Response times (RTs) on test items are a valuable source of information concerning examinees and the items themselves. As such, they have the potential to improve a wide variety of measurement activities. However, researchers have found that empirical RT distributions can exhibit a variety of shapes among the items within a single test. Though a number of semiparametric and “flexible” parametric models are available, no single model can accommodate all plausible shapes of empirical RT distributions. Thus the goal of this research was to study a few of the potential consequences of RT model misspecification in educational measurement. In particular, two promising applications of RT models were of interest: examinee ability estimation and item selection in computerized adaptive testing (CAT).

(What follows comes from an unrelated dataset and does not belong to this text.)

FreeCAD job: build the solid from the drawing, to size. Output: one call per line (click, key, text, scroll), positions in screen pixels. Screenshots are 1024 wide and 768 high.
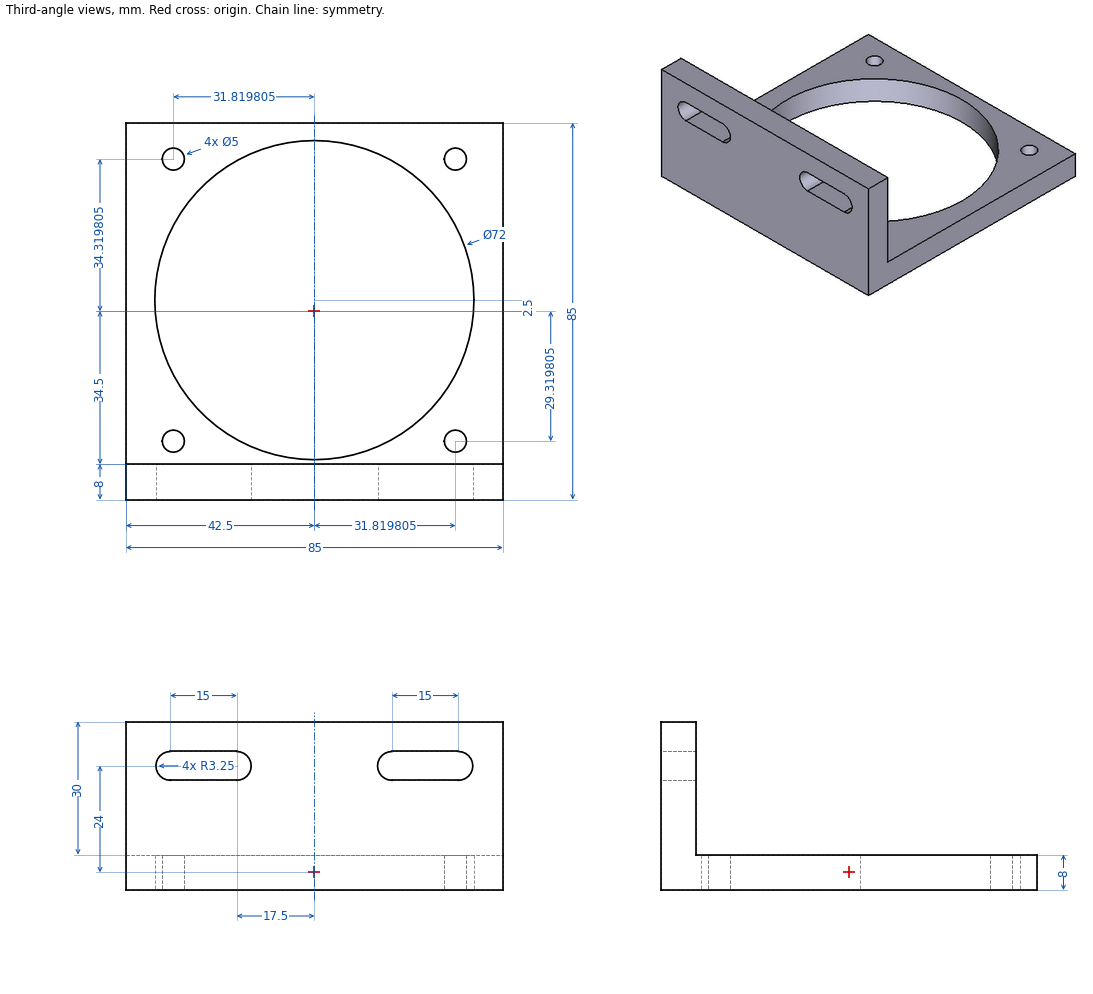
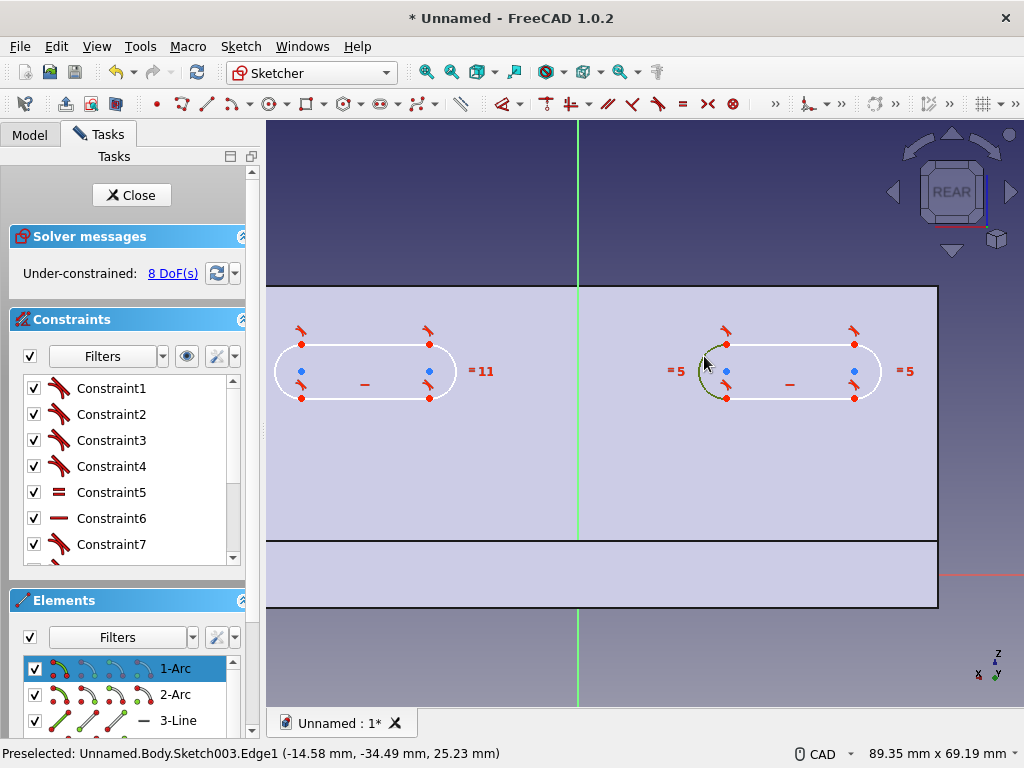
scroll(574, 321, down, 2)

First, by jointly modeling RTs and item responses, RTs can be used as collateral information in the estimation of examinee ability. This can be accomplished by embedding separate models for RTs and item responses in Level 1 of a hierarchical model and allowing their parameters to correlate in Level 2. If the RT model is misspecified, a potential drawback of this hierarchical structure is that any negative impact on estimates of the RT model parameters may, in turn, negatively impact ability estimates. However, a simulation study found that estimates of the RT model parameters were robust to misspecification of the RT model. In turn, ability estimates were also robust.
Second, by considering the time intensity of items during item selection in CAT, test completion times can be reduced without sacrificing the precision of ability estimates. This can be done by choosing items that maximize the ratio of item information to the examinee’s predicted RT. However, an RT model is needed to make the prediction; if the RT model is misspecified, this method may not perform as intended. A simulation study found that whether or not the correct RT model was used to make the prediction had no bearing on test completion times. Additionally, using a simple, average RT as the prediction was just as effective as model-based prediction in reducing test completion times.